Now, take the linear map $T\colon\Bbb R^5\longrightarrow\Bbb R^5$ such that

• $Tw_1=w_1$;
• $Tw_2=\cos\left(\frac{2\pi}5\right)w_2+\sin\left(\frac{2\pi}5\right)w_3$;
• $Tw_3=-\sin\left(\frac{2\pi}5\right)w_2+\cos\left(\frac{2\pi}5\right)w_3$;
• $Tw_4=\cos\left(\frac{4\pi}5\right)w_4+\sin\left(\frac{4\pi}5\right)w_5$;
• $Tw_5=-\sin\left(\frac{4\pi}5\right)w_4+\cos\left(\frac{4\pi}5\right)w_5$.

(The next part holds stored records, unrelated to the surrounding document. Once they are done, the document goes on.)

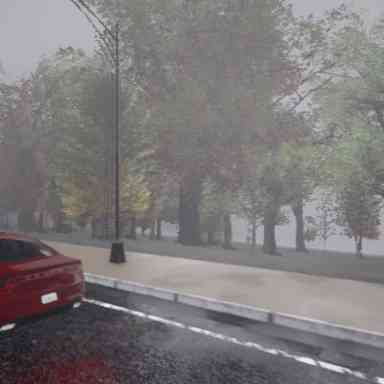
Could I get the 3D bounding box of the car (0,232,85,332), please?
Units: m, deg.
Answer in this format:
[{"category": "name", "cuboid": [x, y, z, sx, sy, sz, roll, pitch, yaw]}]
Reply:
[{"category": "car", "cuboid": [-4.276, 1.556, 6.663, 5.008, 1.535, 1.882, -1, -1, 35]}]
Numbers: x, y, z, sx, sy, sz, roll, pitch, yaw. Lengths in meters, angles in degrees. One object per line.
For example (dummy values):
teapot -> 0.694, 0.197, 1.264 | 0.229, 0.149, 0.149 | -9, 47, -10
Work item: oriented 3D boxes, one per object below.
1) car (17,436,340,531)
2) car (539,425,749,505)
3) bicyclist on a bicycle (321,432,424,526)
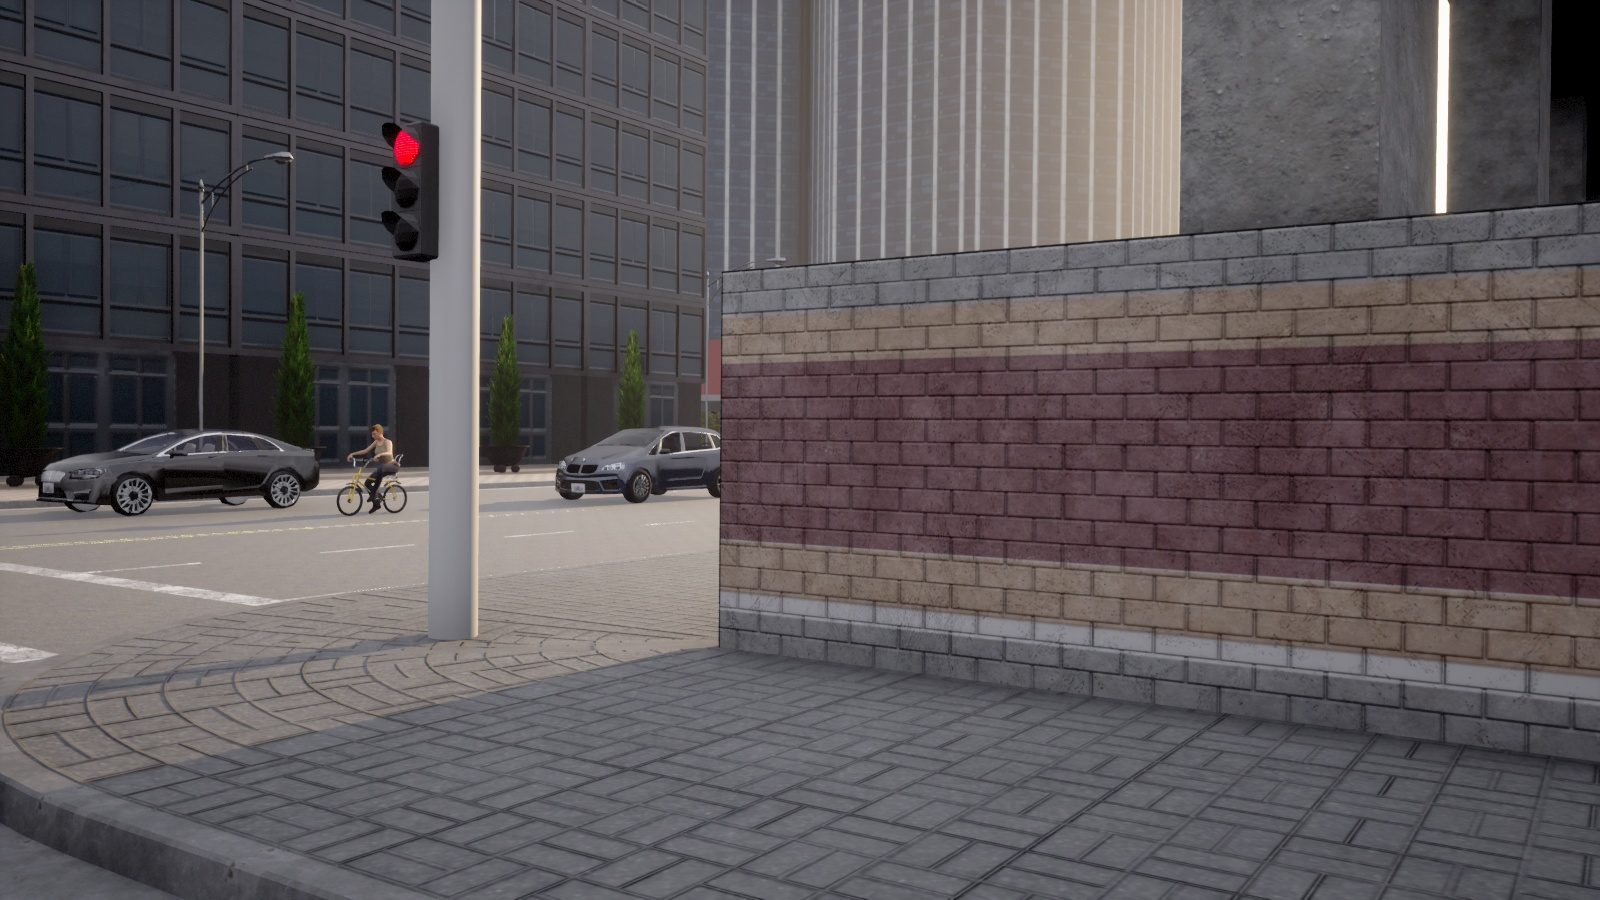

It is clear that $T^5=\operatorname{Id}$ and that the eigenvalues of $T$ are $1$, $\zeta$, $\zeta^2$, $\zeta^3$ and $\zeta^4$. The matrix of $T$ with respect to the basis $\Omega$ is, of course,$$T^\ast=\begin{bmatrix}1&0&0&0&0\\0&\cos\left(\frac{2\pi}5\right)&-\sin\left(\frac{2\pi}5\right)&0&0\\0&\sin\left(\frac{2\pi}5\right)&\cos\left(\frac{2\pi}5\right)&0&0\\0&0&0&\cos\left(\frac{4\pi}5\right)&-\sin\left(\frac{4\pi}5\right)\\0&0&0&\sin\left(\frac{4\pi}5\right)&\cos\left(\frac{4\pi}5\right)\end{bmatrix},$$which is an orthogonal matrix. So, take $A$ as the matrix of $T$ with respect to the canonical basis, which is $M.T^\ast.M^{-1}$, with$$M=\begin{bmatrix}\frac1{\sqrt5}&\frac1{\sqrt2}&\frac12&0&\frac1{\sqrt{20}}\\\frac1{\sqrt5}&-\frac1{\sqrt2}&\frac12&0&\frac1{\sqrt{20}}\\\frac1{\sqrt5}& 0 &-\frac12&\frac1{\sqrt2}&\frac1{\sqrt{20}}\\\frac1{\sqrt5}&0&-\frac12&-\frac1{\sqrt2}&\frac1{\sqrt{20}}\\\frac1{\sqrt5}&0&0&0& -\frac4{\sqrt20}\end{bmatrix}$$(the columns of $M$ are the $w_i$'s). Since both $M$ and $T^\ast$ are orthogonal matrices, then so is $A$. And the eigenvalues of $A$ are the same as those of $T$; in particular, it has distinct eigenvalues.